Decision expected soon
Transportation officials plan to make a decision on whether to build bike lanes in Delray Beach soon and present the decision at a town meeting next month, DOT project manager Abia said.
"We've gotten quite a lot of input," he said. "There are some people who don't understand the advantages the project will give to them. This is an opportunity for them to see that what we are proposing has an advantage to them in comparison to what we have now."
If the department does not build bike lanes wherever it has enough room, some cyclists said they might sue.
If someone has an accident that a bike lane could have prevented, that could prove even more costly to taxpayers. In Broward County, a cyclist
who was badly injured in an accident on A1A won a $7.7 million judgment
against the state because it failed to build wide enough travel lanes.

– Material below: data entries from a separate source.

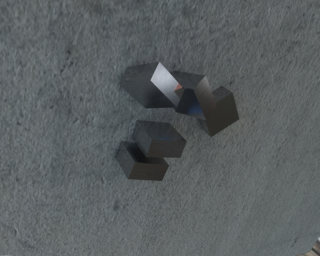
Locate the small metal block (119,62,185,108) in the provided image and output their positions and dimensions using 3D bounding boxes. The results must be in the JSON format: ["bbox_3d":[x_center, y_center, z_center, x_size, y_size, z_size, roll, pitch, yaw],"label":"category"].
[{"bbox_3d":[-0.009,-0.047,0.354,0.050,0.050,0.025,42,62,-40],"label":"small metal block"}]

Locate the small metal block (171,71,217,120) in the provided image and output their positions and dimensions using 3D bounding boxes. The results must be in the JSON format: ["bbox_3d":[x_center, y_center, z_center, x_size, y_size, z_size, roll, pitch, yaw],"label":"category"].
[{"bbox_3d":[0.037,-0.041,0.383,0.025,0.050,0.050,-49,133,-23],"label":"small metal block"}]

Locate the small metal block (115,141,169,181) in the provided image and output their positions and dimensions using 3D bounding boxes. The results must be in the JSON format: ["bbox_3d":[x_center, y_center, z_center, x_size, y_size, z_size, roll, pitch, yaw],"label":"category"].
[{"bbox_3d":[-0.024,0.043,0.406,0.050,0.050,0.025,10,114,-33],"label":"small metal block"}]

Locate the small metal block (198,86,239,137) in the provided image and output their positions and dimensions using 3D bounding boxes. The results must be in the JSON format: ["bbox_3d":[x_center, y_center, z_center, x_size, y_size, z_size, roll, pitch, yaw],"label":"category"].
[{"bbox_3d":[0.080,-0.023,0.438,0.050,0.025,0.050,-32,129,-8],"label":"small metal block"}]

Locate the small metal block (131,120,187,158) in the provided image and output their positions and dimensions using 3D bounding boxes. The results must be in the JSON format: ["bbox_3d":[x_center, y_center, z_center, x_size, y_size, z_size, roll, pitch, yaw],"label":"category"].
[{"bbox_3d":[-0.002,0.014,0.400,0.050,0.050,0.025,4,116,-31],"label":"small metal block"}]
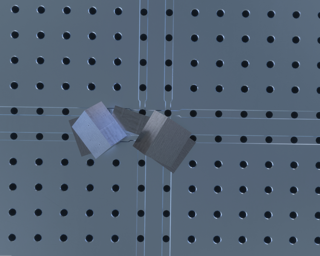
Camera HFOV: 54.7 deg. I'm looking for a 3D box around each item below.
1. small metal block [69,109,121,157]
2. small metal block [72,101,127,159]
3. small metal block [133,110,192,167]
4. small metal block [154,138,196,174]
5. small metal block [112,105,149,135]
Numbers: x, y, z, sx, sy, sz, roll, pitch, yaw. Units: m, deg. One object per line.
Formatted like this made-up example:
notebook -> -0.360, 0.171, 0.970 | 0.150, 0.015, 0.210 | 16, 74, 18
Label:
small metal block -> -0.086, 0.005, 0.412 | 0.050, 0.025, 0.050 | -19, 90, -1
small metal block -> -0.074, 0.004, 0.372 | 0.025, 0.050, 0.050 | -37, 91, -39
small metal block -> 0.004, 0.014, 0.374 | 0.050, 0.025, 0.050 | 32, 89, -45
small metal block -> 0.012, 0.024, 0.414 | 0.050, 0.025, 0.050 | 36, 90, -1
small metal block -> -0.035, -0.008, 0.400 | 0.050, 0.050, 0.025 | 19, 90, -1
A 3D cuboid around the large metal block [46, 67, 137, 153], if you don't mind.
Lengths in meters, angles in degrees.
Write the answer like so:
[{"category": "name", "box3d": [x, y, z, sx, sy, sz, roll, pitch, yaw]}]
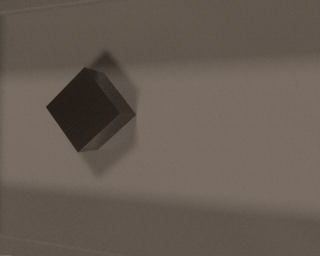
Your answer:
[{"category": "large metal block", "box3d": [-0.095, -0.024, 0.429, 0.080, 0.050, 0.080, -41, 77, 15]}]
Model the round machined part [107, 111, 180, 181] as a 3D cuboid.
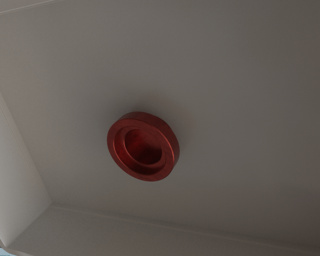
[{"bbox_3d":[-0.019,0.021,0.419,0.098,0.042,0.097,13,124,20],"label":"round machined part"}]
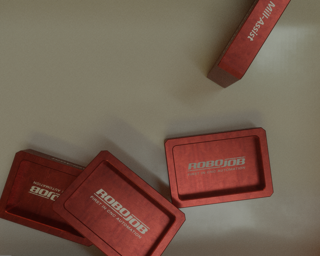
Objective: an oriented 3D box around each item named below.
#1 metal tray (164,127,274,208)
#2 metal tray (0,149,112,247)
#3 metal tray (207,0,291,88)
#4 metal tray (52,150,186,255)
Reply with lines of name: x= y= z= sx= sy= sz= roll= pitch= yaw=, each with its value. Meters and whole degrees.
metal tray: x=0.075 y=0.051 z=0.409 sx=0.131 sy=0.030 sz=0.089 roll=-7 pitch=90 yaw=0
metal tray: x=-0.134 y=0.090 z=0.407 sx=0.131 sy=0.030 sz=0.090 roll=18 pitch=90 yaw=0
metal tray: x=0.110 y=-0.116 z=0.379 sx=0.030 sy=0.090 sz=0.130 roll=32 pitch=90 yaw=0
metal tray: x=-0.047 y=0.101 z=0.366 sx=0.130 sy=0.030 sz=0.090 roll=39 pitch=66 yaw=3
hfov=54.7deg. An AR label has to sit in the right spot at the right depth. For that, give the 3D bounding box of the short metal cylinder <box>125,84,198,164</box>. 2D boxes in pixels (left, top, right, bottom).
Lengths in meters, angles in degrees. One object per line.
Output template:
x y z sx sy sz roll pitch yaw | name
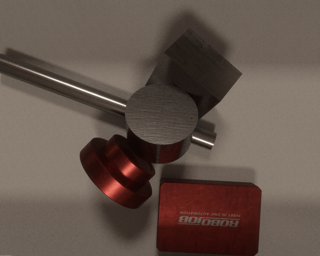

If Delray Beach had a bike lane, injured cyclist McCurdy said, he would
have ridden there instead of in the travel lane on the morning of his accident. He had no choice but to ride in the road because the law prohibits him from riding on the sidewalk.
At 6:30 a.m. on that Sunday in 2003, there was no traffic. But the van found him, and he never saw it coming. His injuries have healed for the
most part and he's returned to riding his bike on the road, bike lane or no bike lane. But now he looks over his shoulder constantly. He never did that before.
"If there had been a bike lane this accident wouldn't have happened," McCurdy said. "Everyone should have the right to ride on beautiful A1A if they choose, not just the people who live there."
Anti-lane activist Eprivates said the bicyclists should move on.
"They need to get over it," he said. "We didn't get repaving, what we wanted. Bikers didn't get 5-foot-wide lanes, what they wanted. They just can't accept it."